I chose to use cast-iron 1969 #62 casting cylinder heads ILO the Edelbrock aluminum RPM’s as mentioned in the article. The 455 however different by the differential in cylinder head spec. produces an immense amount of power. This motor has not been dyno tested however so the true horsepower and torque can only be speculated. I can tell you that this engine is healthy! This car is krazy fast and should be taken seriously when pressing the pedal to the floor...seriously!
a) Block: Tanked, bored .040 over and line honed
b) Pistons: Seal Power flat-tops with valve reliefs w/TRW rings
c) Rods: Stock- sized, balanced and honed with ARP studs
d) Crank: Trued and balanced
e) New bearings throughout 
f) Heads: Tanked, magna-fluxed, checked for deck true and machined for new Federal Mogul valves, guides, seals and Summit Racings “pro-series” rocker arm stud kit. Edelbrock RPM springs/retainers and ARP CH bolts 
g) Cam: Hyd. Competition Cams “Xtreme Energy” 284/296- 507/510 lift with *1.5 rockers.
h) Lifters: SLP heavy duty (standard bore)
i) Pushrods: Crane Energizer 5/16 x 9.170
j) Roller Rockers: Crane Energizer 7/16; 1.65 ratio (see g. above)
k) Oil Pump: Mellings 80lb. Hi Pressure
l) Timing Chain: Summit tru-roller
m) Oil Pan: Milidon gold anodized
n) 1. Intake: Edelbrock RPM with Edelbrock bolt kit 2. Carb: JET 800 cfm, Stage II, Quadrajet w/elect choke
o) 1. Fuel Pump: Holley 7lb. Electric 2. Inline filter and pressure gauge (see pics) set at 5.5 
p) Ignition: MSD Pro-Billet distributor, MSD 60,000v Coil, MSD-6A multiple spark ignition control module and Summit Pro-Wires high heat silicone HEI Blue.
q) Starter: Summit Pro-Torque 
r) Charging: A new 80 amp alternator was installed at time of the rebuild
s) Valve Covers: Summit Pro Tall’s/Chrome with Moroso breathers


----------



## BearGFR (Aug 25, 2008)

Your biggest problem is going to be static compression ratio, probably way too high for pump gas. Those #62 heads have combustion chambers with volumes in the vicinity of 72 cc's. Put those on a +.040 455 (4.190 bore, 4.21 stroke) with flat top pistions and "nominal" factory measurements everywhere else, and it'll be in the neighborhood of 11.5:1 static compression ratio. That "big 'ol" long duration cam wtih 1.65 rockers is going to help "some" (where's the intake lobe centerline installed?) but I'd be surprised if it was enough to keep this motor from detonating on 93 octane fuel.

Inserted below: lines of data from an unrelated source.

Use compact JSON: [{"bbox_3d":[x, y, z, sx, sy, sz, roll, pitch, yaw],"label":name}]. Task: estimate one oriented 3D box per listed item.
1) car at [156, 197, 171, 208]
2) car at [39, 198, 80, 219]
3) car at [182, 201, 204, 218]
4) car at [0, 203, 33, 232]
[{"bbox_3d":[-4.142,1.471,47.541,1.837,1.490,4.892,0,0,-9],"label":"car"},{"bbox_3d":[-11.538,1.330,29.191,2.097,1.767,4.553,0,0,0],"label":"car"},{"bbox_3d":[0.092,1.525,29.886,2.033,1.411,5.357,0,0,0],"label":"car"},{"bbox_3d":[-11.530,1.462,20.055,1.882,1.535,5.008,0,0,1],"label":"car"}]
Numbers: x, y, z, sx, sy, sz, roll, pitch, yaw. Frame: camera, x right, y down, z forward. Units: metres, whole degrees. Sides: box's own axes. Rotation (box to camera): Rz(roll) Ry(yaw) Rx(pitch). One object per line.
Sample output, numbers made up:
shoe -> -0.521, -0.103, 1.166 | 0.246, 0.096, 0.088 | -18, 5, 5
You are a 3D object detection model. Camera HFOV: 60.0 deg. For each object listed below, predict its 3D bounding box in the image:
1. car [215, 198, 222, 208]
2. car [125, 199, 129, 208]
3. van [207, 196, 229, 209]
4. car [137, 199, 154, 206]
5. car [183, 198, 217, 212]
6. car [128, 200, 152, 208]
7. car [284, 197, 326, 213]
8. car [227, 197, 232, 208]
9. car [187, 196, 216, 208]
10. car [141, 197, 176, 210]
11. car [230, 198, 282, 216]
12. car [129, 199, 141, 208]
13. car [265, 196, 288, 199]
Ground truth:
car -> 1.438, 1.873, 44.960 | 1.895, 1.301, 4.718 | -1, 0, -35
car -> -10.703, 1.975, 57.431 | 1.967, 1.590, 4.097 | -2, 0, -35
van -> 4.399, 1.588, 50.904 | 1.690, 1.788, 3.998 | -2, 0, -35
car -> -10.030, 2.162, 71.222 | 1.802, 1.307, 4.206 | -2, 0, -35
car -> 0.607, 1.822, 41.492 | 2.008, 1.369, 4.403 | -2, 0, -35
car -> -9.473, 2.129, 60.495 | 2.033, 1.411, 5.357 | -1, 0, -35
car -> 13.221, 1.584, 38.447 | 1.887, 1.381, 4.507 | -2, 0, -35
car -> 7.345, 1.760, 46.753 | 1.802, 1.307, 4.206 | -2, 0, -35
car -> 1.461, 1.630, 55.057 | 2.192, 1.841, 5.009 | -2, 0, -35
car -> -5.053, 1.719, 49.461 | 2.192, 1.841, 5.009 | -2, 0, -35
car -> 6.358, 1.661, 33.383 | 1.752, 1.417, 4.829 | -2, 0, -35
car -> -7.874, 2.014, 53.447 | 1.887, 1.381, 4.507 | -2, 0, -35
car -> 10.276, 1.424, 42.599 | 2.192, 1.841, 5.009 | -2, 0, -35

87 cc Edelbrock aluminum heads would help avoid detonation in two ways: the larger chambers would put compression just over 10.0:1 and also run cooler. They've also got more peak power potential when ported by someone who knows how.

my .02

Bear


----------



## Thumpin455 (Feb 17, 2010)

Its going to be hard to pinpoint the article because they have done engine builders recipes and shootout combinations since the 90s. Its like finding a needle in a stack of needles.

That is a good build, will make great power and be scary to 90% of people out there. Its an underwear changer.

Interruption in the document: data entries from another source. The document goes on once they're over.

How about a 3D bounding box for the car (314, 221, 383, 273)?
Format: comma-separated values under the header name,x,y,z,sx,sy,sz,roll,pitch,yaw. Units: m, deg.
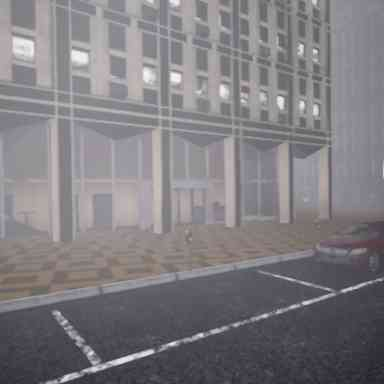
name,x,y,z,sx,sy,sz,roll,pitch,yaw
car,5.638,1.589,10.556,4.206,1.307,1.802,0,-1,-35
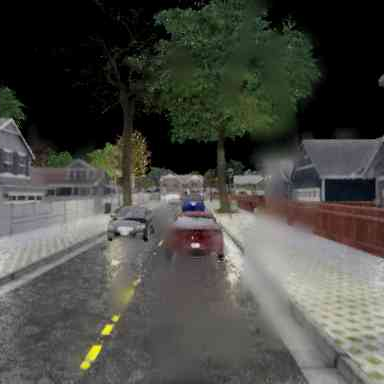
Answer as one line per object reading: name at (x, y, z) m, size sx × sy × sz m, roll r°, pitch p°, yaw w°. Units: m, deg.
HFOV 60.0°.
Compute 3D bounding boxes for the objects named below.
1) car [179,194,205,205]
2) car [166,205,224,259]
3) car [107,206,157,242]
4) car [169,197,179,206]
car at (0.121, 1.203, 32.934) m, size 2.150 × 2.045 × 5.566 m, roll 0°, pitch 0°, yaw 0°
car at (0.106, 1.472, 12.588) m, size 1.882 × 1.535 × 5.008 m, roll 0°, pitch 0°, yaw 0°
car at (-2.840, 1.484, 16.519) m, size 2.128 × 1.511 × 4.902 m, roll 0°, pitch 0°, yaw 0°
car at (-2.777, 1.561, 55.580) m, size 1.895 × 1.301 × 4.718 m, roll 0°, pitch 0°, yaw 1°
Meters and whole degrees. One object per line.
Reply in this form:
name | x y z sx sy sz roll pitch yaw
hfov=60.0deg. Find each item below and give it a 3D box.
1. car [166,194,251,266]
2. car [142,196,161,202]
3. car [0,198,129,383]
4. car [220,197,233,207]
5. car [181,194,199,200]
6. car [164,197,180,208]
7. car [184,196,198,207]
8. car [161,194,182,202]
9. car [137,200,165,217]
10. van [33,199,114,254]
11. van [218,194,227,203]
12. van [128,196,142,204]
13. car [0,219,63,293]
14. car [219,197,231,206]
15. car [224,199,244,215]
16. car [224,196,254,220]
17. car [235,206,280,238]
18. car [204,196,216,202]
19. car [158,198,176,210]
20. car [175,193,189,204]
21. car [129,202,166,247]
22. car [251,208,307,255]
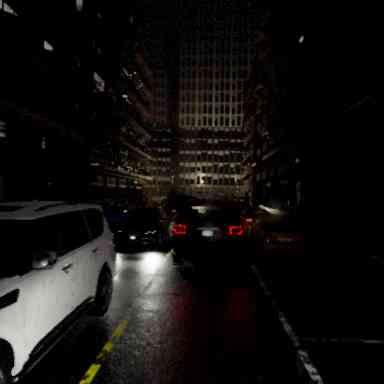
car | 0.579 1.234 11.793 2.150 2.045 5.566 1 0 3
car | -4.010 1.226 24.941 2.192 1.841 5.009 1 0 3
car | -2.676 1.176 4.536 2.150 2.045 5.566 1 0 3
car | 5.420 1.560 52.836 1.752 1.417 4.829 1 0 3
car | -0.489 1.244 85.376 4.181 1.385 1.994 2 0 33
car | -2.778 1.436 47.299 1.752 1.417 4.829 1 0 3
car | -0.067 1.369 49.914 1.837 1.490 4.892 1 0 3
car | -1.281 1.172 29.239 2.150 2.045 5.566 1 0 3
car | -3.704 1.492 30.574 1.802 1.307 4.206 1 0 3
van | -4.633 1.254 13.678 1.690 1.788 3.998 1 0 3
van | 6.349 1.383 69.561 1.690 1.788 3.998 1 0 3
van | -4.322 1.253 19.309 1.690 1.788 3.998 1 0 3
car | -4.950 1.497 8.046 1.802 1.307 4.206 1 0 3
car | 5.731 1.562 58.467 1.752 1.417 4.829 1 0 3
car | 4.485 1.558 35.940 1.752 1.417 4.829 1 0 3
car | 4.169 1.348 30.139 2.192 1.841 5.009 1 0 3
car | 3.541 1.579 18.876 1.887 1.381 4.507 1 0 3
car | 4.090 1.546 76.710 1.994 1.385 4.181 1 0 -5
car | -3.081 1.492 41.837 1.802 1.307 4.206 1 0 3
car | -1.829 1.231 64.365 2.192 1.841 5.009 1 0 3
car | -2.098 1.454 14.979 1.837 1.490 4.892 1 1 3
car | 3.239 1.561 13.414 1.752 1.417 4.829 1 0 3
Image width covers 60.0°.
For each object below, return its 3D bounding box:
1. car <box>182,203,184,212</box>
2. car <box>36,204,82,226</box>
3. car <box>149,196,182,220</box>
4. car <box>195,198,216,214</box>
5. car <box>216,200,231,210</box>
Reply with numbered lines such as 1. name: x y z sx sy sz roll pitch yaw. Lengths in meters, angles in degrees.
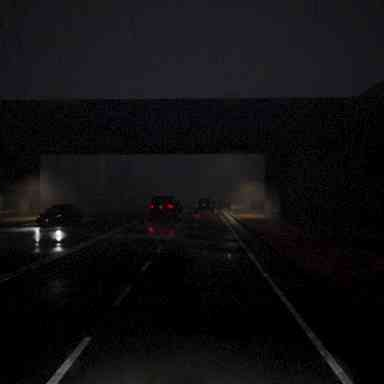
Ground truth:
1. car: -2.063 1.734 38.779 1.994 1.385 4.181 0 0 1
2. car: -9.670 1.632 24.653 1.812 1.442 4.674 0 0 2
3. car: -2.396 1.351 29.438 2.150 2.045 5.566 0 0 2
4. car: 1.471 1.523 38.706 2.097 1.767 4.553 0 0 3
5. car: 3.926 1.812 47.593 1.895 1.301 4.718 0 0 30
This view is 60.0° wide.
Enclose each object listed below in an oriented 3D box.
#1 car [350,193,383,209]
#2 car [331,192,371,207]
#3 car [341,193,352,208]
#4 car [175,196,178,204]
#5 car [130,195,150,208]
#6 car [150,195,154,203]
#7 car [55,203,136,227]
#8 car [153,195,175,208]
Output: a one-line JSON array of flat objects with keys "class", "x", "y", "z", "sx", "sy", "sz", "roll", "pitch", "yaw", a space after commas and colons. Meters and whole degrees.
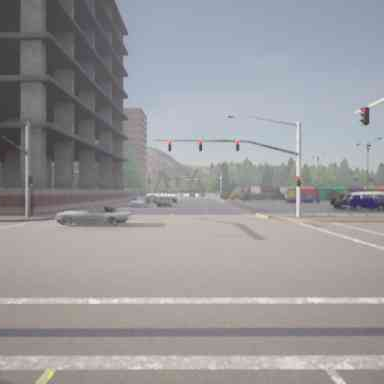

It wont live on 93, sure it will run on it, but it will not take much beating before something breaks. Only three ways around this; 

1: Change fuel to race gas/race gas mixed with pump, or run E85 if its available. 
2: Change heads to lower compression, such as the Edelbrock heads Bear mentioned, or some later big valve heads from 71-78 with larger chambers 
3: Dont drive it.

All of them require some changes, some more expensive than others. Where do you live?


----------



## ml3126 (Jun 27, 2011)

I live in Buffalo NY. Doing research I figured I needed to come down on compression. i am looking at butler perf. 87 cc Edelbrock aluminum heads round ports. Is there another performance company working edelbrock heads or do you think the stock heads are good? I am happy with the engine now so I am thinking of doing just stock edelbrock heads or is it worth the extra money to have them worked? thanks for the help.
i also see edelbrock has d port heads. Is one head(round vs d) better than the other. I want to buy new headers so it makes no differance to me.


----------



## BearGFR (Aug 25, 2008)

ml3126 said:


> I live in Buffalo NY. Doing research I figured I needed to come down on compression. i am looking at butler perf. 87 cc Edelbrock aluminum heads round ports. Is there another performance company working edelbrock heads or do you think the stock heads are good? I am happy with the engine now so I am thinking of doing just stock edelbrock heads or is it worth the extra money to have them worked? thanks for the help.
> i also see edelbrock has d port heads. Is one head(round vs d) better than the other. I want to buy new headers so it makes no differance to me.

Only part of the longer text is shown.